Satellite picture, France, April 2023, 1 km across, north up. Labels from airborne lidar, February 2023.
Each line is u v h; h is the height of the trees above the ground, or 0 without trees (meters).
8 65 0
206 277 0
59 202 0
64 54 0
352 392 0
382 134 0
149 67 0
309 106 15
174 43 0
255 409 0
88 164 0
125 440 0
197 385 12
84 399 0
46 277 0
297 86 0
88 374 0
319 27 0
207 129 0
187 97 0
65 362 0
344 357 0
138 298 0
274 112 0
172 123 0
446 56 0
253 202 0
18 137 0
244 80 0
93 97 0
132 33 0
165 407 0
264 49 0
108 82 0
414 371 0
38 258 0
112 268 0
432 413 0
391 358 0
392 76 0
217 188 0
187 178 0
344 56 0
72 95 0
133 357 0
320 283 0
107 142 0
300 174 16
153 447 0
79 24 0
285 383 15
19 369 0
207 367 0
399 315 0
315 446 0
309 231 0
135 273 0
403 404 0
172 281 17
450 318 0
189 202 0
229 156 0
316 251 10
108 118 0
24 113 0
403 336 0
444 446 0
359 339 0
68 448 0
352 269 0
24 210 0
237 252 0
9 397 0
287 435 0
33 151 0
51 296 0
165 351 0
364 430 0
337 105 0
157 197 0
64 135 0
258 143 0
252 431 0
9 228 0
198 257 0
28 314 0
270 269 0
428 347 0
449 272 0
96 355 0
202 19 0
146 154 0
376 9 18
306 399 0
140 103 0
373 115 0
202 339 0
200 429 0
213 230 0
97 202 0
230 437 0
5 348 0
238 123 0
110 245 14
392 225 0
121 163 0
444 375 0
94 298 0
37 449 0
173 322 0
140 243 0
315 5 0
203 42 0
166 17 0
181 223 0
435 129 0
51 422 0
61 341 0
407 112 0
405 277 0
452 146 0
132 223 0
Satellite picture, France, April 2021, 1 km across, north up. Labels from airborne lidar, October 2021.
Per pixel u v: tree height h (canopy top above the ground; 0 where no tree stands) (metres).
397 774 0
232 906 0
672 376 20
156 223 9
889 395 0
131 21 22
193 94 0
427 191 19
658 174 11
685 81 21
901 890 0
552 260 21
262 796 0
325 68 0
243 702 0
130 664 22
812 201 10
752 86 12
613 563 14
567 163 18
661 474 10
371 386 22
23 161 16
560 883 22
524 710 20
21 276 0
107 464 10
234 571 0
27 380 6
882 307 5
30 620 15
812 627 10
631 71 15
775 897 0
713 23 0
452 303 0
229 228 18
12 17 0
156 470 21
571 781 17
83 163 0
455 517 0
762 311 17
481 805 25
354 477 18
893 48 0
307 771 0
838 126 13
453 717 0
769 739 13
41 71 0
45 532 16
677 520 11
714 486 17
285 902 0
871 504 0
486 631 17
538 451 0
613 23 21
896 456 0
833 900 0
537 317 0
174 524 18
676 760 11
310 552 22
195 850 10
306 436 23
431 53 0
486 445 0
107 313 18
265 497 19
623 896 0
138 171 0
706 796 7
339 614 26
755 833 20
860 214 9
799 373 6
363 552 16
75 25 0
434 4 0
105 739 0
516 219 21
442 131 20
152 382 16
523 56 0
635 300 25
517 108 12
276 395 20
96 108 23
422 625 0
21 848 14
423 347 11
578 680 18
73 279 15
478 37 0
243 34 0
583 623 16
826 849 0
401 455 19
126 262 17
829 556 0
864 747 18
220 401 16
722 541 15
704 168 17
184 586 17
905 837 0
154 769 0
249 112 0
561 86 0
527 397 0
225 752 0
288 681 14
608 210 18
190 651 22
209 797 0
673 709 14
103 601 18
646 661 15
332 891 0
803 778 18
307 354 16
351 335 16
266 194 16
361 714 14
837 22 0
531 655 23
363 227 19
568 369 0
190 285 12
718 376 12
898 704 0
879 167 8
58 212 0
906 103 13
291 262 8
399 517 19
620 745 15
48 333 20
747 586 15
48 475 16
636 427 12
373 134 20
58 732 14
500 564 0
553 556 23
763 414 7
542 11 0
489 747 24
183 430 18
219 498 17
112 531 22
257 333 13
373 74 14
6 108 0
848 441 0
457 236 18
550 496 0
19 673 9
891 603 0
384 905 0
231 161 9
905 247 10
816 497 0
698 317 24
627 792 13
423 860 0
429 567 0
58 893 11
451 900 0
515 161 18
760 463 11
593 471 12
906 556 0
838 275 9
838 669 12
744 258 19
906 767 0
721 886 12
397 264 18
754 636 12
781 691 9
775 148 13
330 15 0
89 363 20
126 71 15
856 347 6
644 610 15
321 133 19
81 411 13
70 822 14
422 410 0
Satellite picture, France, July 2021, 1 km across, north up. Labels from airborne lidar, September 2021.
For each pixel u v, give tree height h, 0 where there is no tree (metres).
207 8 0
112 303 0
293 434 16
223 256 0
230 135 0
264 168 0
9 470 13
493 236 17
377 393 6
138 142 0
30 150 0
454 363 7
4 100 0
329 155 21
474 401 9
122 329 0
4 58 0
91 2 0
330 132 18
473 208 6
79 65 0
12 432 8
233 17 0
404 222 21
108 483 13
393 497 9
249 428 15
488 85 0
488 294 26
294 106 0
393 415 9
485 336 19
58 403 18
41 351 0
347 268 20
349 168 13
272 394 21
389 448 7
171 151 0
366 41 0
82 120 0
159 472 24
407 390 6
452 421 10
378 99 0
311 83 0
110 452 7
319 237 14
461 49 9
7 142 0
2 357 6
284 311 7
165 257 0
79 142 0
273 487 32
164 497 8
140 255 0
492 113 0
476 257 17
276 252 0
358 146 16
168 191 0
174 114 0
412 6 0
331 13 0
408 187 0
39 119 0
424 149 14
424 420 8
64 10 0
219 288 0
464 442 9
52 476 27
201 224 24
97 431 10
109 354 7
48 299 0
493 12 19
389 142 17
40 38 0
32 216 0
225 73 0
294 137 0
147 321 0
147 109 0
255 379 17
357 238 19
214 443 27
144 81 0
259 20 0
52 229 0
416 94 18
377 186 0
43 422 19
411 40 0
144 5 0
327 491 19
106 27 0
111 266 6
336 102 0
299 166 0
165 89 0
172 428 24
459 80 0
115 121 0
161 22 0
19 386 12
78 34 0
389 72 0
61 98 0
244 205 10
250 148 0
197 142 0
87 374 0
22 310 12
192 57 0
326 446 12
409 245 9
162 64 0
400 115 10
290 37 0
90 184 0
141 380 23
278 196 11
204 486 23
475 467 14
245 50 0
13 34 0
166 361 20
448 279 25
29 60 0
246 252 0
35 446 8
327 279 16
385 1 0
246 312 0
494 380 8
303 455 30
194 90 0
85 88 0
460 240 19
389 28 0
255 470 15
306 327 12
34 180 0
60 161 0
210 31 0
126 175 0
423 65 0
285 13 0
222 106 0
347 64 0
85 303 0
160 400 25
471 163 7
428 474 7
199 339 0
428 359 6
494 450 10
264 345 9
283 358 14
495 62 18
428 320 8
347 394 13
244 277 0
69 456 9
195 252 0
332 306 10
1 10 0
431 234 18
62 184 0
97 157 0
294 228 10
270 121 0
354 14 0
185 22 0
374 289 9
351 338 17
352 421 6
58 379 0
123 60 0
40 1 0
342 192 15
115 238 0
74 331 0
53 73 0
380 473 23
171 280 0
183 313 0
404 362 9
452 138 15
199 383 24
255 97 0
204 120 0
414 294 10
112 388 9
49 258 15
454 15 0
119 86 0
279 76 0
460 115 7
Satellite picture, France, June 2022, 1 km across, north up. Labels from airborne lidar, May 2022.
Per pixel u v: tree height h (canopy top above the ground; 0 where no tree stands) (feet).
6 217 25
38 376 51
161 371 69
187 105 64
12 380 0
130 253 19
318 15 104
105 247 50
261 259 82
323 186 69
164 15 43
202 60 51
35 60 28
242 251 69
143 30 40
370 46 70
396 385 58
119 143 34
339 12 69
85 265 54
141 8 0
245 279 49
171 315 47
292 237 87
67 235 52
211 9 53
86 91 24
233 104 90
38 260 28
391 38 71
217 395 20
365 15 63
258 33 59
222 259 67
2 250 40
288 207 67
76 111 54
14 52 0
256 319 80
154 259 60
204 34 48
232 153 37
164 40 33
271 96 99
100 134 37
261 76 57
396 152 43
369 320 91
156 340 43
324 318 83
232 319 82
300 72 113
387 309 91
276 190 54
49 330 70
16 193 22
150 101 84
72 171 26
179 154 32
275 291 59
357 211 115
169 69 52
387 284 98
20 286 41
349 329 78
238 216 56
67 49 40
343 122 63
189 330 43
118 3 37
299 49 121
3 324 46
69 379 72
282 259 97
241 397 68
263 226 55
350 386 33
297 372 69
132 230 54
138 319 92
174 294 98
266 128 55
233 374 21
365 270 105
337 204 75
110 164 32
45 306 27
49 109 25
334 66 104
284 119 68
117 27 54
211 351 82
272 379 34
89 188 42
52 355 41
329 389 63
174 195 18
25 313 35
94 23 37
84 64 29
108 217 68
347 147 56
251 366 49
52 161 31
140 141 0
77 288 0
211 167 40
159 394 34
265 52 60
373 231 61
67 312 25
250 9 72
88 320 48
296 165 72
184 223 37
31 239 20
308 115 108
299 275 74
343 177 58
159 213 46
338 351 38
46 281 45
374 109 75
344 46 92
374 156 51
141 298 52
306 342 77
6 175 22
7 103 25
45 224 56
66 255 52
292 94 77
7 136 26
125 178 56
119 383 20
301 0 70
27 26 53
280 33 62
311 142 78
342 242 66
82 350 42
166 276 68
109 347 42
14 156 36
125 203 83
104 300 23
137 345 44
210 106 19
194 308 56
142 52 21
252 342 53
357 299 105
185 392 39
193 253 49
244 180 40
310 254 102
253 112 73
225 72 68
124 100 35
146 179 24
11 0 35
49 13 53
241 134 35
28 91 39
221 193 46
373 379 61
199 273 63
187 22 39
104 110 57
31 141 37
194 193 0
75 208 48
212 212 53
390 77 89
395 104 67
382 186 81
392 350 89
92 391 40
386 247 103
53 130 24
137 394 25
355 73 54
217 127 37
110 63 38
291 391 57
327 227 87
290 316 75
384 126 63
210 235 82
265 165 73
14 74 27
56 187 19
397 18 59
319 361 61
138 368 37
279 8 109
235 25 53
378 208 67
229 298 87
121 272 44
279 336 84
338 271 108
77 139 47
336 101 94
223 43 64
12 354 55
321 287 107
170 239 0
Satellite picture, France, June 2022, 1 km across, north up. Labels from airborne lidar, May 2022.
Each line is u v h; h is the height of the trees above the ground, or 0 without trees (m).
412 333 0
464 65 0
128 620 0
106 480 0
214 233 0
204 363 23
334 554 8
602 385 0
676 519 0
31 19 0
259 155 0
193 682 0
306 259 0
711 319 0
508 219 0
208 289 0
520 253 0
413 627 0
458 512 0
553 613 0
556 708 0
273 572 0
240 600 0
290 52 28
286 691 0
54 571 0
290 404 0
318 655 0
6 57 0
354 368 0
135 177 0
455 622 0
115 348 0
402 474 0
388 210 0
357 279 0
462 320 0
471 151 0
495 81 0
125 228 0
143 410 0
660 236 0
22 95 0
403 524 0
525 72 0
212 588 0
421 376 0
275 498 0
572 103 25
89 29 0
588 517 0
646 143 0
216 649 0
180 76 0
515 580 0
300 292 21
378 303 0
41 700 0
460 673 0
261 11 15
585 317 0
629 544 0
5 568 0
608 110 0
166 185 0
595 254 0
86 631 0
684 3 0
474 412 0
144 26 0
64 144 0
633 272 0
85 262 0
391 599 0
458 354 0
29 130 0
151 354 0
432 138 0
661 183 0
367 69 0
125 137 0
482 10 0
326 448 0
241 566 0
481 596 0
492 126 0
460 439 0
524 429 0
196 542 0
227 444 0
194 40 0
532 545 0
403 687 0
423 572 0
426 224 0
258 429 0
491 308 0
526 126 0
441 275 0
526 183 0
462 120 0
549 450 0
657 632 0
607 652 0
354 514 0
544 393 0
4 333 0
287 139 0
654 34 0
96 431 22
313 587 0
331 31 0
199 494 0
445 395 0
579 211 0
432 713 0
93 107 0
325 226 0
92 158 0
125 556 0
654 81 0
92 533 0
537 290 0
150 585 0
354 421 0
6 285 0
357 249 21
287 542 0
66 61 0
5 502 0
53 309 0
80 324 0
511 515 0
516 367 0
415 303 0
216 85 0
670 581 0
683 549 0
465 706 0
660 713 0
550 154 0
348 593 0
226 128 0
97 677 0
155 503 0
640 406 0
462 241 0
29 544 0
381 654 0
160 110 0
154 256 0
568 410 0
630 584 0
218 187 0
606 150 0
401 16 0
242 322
########
Your objective: What lines in the listing include the string "ground"? Copy them out.

Finished exercise:
Each line is u v h; h is the height of the trees above the ground, or 0 without trees (meters).
Per pixel u v: tree height h (canopy top above the ground; 0 where no tree stands) (metres).
Per pixel u v: tree height h (canopy top above the ground; 0 where no tree stands) (feet).
Each line is u v h; h is the height of the trees above the ground, or 0 without trees (m).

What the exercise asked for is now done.